[Task statement] Exact copies of all entries are expected.

[Entries provided]
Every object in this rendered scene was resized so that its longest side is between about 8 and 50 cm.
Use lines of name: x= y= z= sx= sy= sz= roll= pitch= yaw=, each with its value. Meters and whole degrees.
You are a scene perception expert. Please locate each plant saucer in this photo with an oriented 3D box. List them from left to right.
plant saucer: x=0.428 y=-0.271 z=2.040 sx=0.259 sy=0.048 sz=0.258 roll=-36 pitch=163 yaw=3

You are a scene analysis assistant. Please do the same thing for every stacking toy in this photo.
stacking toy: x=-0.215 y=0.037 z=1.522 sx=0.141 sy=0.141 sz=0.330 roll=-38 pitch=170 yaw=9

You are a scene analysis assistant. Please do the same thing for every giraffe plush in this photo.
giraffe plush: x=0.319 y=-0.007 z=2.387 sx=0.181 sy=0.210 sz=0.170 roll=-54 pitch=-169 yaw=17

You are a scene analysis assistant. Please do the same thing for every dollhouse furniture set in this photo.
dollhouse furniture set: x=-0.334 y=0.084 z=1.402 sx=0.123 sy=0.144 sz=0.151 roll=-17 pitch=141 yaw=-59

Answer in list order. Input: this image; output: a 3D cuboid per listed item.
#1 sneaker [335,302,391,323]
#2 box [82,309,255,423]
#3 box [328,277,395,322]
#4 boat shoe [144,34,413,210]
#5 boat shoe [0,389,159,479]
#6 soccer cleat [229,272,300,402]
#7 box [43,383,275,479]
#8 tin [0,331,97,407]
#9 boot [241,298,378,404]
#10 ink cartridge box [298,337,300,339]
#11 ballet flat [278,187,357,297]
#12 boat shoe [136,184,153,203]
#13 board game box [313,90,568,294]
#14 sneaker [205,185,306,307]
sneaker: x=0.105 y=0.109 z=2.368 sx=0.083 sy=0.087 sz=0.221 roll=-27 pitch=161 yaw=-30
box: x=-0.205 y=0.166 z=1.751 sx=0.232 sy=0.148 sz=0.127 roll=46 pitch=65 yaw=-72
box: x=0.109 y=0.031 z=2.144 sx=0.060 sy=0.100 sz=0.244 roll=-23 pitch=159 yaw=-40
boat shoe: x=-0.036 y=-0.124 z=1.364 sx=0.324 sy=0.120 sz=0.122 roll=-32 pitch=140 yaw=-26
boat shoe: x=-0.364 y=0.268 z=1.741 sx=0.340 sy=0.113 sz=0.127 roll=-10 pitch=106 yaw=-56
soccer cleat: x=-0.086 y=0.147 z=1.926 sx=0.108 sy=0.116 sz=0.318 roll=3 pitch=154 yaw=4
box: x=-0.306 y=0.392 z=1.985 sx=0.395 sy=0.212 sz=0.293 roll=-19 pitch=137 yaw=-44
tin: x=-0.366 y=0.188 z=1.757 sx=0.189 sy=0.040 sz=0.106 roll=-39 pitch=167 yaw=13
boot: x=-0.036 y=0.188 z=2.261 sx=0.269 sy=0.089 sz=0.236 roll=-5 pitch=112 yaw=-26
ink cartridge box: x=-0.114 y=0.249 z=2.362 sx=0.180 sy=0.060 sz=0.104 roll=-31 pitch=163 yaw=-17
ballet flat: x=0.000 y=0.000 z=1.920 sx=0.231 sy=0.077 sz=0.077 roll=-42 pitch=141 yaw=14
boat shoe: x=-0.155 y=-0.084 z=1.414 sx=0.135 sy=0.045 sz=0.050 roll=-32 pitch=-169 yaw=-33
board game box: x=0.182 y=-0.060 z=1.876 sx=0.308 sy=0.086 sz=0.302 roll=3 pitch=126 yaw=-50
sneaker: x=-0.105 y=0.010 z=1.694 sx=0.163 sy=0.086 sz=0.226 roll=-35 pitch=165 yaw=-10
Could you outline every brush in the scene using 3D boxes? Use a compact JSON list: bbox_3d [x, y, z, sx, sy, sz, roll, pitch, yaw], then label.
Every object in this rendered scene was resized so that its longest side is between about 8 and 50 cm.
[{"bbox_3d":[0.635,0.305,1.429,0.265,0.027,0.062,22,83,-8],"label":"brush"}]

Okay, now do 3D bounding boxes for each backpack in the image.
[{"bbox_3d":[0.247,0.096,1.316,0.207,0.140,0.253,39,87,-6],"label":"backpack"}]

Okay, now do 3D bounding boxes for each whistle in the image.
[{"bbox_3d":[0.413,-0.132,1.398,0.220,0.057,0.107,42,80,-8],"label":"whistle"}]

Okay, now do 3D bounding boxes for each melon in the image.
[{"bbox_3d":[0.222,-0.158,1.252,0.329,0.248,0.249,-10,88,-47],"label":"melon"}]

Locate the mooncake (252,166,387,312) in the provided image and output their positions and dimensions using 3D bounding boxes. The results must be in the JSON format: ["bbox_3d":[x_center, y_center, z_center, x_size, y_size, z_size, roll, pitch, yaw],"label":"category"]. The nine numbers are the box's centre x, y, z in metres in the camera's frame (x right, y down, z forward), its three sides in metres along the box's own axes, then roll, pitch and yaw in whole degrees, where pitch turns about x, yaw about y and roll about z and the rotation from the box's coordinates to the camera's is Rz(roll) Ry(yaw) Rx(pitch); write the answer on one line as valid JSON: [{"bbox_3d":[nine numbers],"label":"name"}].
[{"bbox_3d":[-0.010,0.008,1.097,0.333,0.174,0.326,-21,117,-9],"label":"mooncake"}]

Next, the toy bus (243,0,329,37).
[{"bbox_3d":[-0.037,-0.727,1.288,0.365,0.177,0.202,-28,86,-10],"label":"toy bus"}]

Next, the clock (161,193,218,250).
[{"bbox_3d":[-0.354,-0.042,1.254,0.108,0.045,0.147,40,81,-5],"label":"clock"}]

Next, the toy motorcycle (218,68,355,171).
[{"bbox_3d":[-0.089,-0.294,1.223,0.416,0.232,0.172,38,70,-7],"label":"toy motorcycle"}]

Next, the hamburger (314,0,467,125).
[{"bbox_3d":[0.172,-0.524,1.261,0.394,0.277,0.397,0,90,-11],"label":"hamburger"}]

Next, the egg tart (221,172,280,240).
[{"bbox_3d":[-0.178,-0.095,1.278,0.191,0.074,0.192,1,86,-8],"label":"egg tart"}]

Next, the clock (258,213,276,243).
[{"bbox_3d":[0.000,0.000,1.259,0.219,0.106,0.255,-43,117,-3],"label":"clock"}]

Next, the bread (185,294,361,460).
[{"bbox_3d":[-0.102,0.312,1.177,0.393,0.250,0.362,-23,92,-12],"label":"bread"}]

[Task output]
Every object in this rendered scene was resized so that its longest side is between about 8 and 50 cm.
Use lines of name: x= y= z= sx= sy= sz= roll= pitch= yaw=, each with its value. Meters and whole degrees.
You are a scene perception expert. Please locate each plant saucer in this photo with an oriented 3D box. List them from left to right.
plant saucer: x=0.428 y=-0.271 z=2.040 sx=0.259 sy=0.048 sz=0.258 roll=-36 pitch=163 yaw=3

You are a scene analysis assistant. Please do the same thing for every stacking toy in this photo.
stacking toy: x=-0.215 y=0.037 z=1.522 sx=0.141 sy=0.141 sz=0.330 roll=-38 pitch=170 yaw=9

You are a scene analysis assistant. Please do the same thing for every giraffe plush in this photo.
giraffe plush: x=0.319 y=-0.007 z=2.387 sx=0.181 sy=0.210 sz=0.170 roll=-54 pitch=-169 yaw=17

You are a scene analysis assistant. Please do the same thing for every dollhouse furniture set in this photo.
dollhouse furniture set: x=-0.334 y=0.084 z=1.402 sx=0.123 sy=0.144 sz=0.151 roll=-17 pitch=141 yaw=-59

Answer in list order. Input: this image; output: a 3D cuboid per listed item.
#1 sneaker [335,302,391,323]
#2 box [82,309,255,423]
#3 box [328,277,395,322]
#4 boat shoe [144,34,413,210]
#5 boat shoe [0,389,159,479]
#6 soccer cleat [229,272,300,402]
#7 box [43,383,275,479]
#8 tin [0,331,97,407]
#9 boot [241,298,378,404]
#10 ink cartridge box [298,337,300,339]
#11 ballet flat [278,187,357,297]
#12 boat shoe [136,184,153,203]
#13 board game box [313,90,568,294]
#14 sneaker [205,185,306,307]
sneaker: x=0.105 y=0.109 z=2.368 sx=0.083 sy=0.087 sz=0.221 roll=-27 pitch=161 yaw=-30
box: x=-0.205 y=0.166 z=1.751 sx=0.232 sy=0.148 sz=0.127 roll=46 pitch=65 yaw=-72
box: x=0.109 y=0.031 z=2.144 sx=0.060 sy=0.100 sz=0.244 roll=-23 pitch=159 yaw=-40
boat shoe: x=-0.036 y=-0.124 z=1.364 sx=0.324 sy=0.120 sz=0.122 roll=-32 pitch=140 yaw=-26
boat shoe: x=-0.364 y=0.268 z=1.741 sx=0.340 sy=0.113 sz=0.127 roll=-10 pitch=106 yaw=-56
soccer cleat: x=-0.086 y=0.147 z=1.926 sx=0.108 sy=0.116 sz=0.318 roll=3 pitch=154 yaw=4
box: x=-0.306 y=0.392 z=1.985 sx=0.395 sy=0.212 sz=0.293 roll=-19 pitch=137 yaw=-44
tin: x=-0.366 y=0.188 z=1.757 sx=0.189 sy=0.040 sz=0.106 roll=-39 pitch=167 yaw=13
boot: x=-0.036 y=0.188 z=2.261 sx=0.269 sy=0.089 sz=0.236 roll=-5 pitch=112 yaw=-26
ink cartridge box: x=-0.114 y=0.249 z=2.362 sx=0.180 sy=0.060 sz=0.104 roll=-31 pitch=163 yaw=-17
ballet flat: x=0.000 y=0.000 z=1.920 sx=0.231 sy=0.077 sz=0.077 roll=-42 pitch=141 yaw=14
boat shoe: x=-0.155 y=-0.084 z=1.414 sx=0.135 sy=0.045 sz=0.050 roll=-32 pitch=-169 yaw=-33
board game box: x=0.182 y=-0.060 z=1.876 sx=0.308 sy=0.086 sz=0.302 roll=3 pitch=126 yaw=-50
sneaker: x=-0.105 y=0.010 z=1.694 sx=0.163 sy=0.086 sz=0.226 roll=-35 pitch=165 yaw=-10
Could you outline every brush in the scene using 3D boxes? Use a compact JSON list: bbox_3d [x, y, z, sx, sy, sz, roll, pitch, yaw], then label.
Every object in this rendered scene was resized so that its longest side is between about 8 and 50 cm.
[{"bbox_3d":[0.635,0.305,1.429,0.265,0.027,0.062,22,83,-8],"label":"brush"}]

Okay, now do 3D bounding boxes for each backpack in the image.
[{"bbox_3d":[0.247,0.096,1.316,0.207,0.140,0.253,39,87,-6],"label":"backpack"}]

Okay, now do 3D bounding boxes for each whistle in the image.
[{"bbox_3d":[0.413,-0.132,1.398,0.220,0.057,0.107,42,80,-8],"label":"whistle"}]

Okay, now do 3D bounding boxes for each melon in the image.
[{"bbox_3d":[0.222,-0.158,1.252,0.329,0.248,0.249,-10,88,-47],"label":"melon"}]

Locate the mooncake (252,166,387,312) in the provided image and output their positions and dimensions using 3D bounding boxes. The results must be in the JSON format: ["bbox_3d":[x_center, y_center, z_center, x_size, y_size, z_size, roll, pitch, yaw],"label":"category"]. The nine numbers are the box's centre x, y, z in metres in the camera's frame (x right, y down, z forward), its three sides in metres along the box's own axes, then roll, pitch and yaw in whole degrees, where pitch turns about x, yaw about y and roll about z and the rotation from the box's coordinates to the camera's is Rz(roll) Ry(yaw) Rx(pitch); write the answer on one line as valid JSON: [{"bbox_3d":[nine numbers],"label":"name"}].
[{"bbox_3d":[-0.010,0.008,1.097,0.333,0.174,0.326,-21,117,-9],"label":"mooncake"}]

Next, the toy bus (243,0,329,37).
[{"bbox_3d":[-0.037,-0.727,1.288,0.365,0.177,0.202,-28,86,-10],"label":"toy bus"}]

Next, the clock (161,193,218,250).
[{"bbox_3d":[-0.354,-0.042,1.254,0.108,0.045,0.147,40,81,-5],"label":"clock"}]

Next, the toy motorcycle (218,68,355,171).
[{"bbox_3d":[-0.089,-0.294,1.223,0.416,0.232,0.172,38,70,-7],"label":"toy motorcycle"}]

Next, the hamburger (314,0,467,125).
[{"bbox_3d":[0.172,-0.524,1.261,0.394,0.277,0.397,0,90,-11],"label":"hamburger"}]

Next, the egg tart (221,172,280,240).
[{"bbox_3d":[-0.178,-0.095,1.278,0.191,0.074,0.192,1,86,-8],"label":"egg tart"}]

Next, the clock (258,213,276,243).
[{"bbox_3d":[0.000,0.000,1.259,0.219,0.106,0.255,-43,117,-3],"label":"clock"}]

Next, the bread (185,294,361,460).
[{"bbox_3d":[-0.102,0.312,1.177,0.393,0.250,0.362,-23,92,-12],"label":"bread"}]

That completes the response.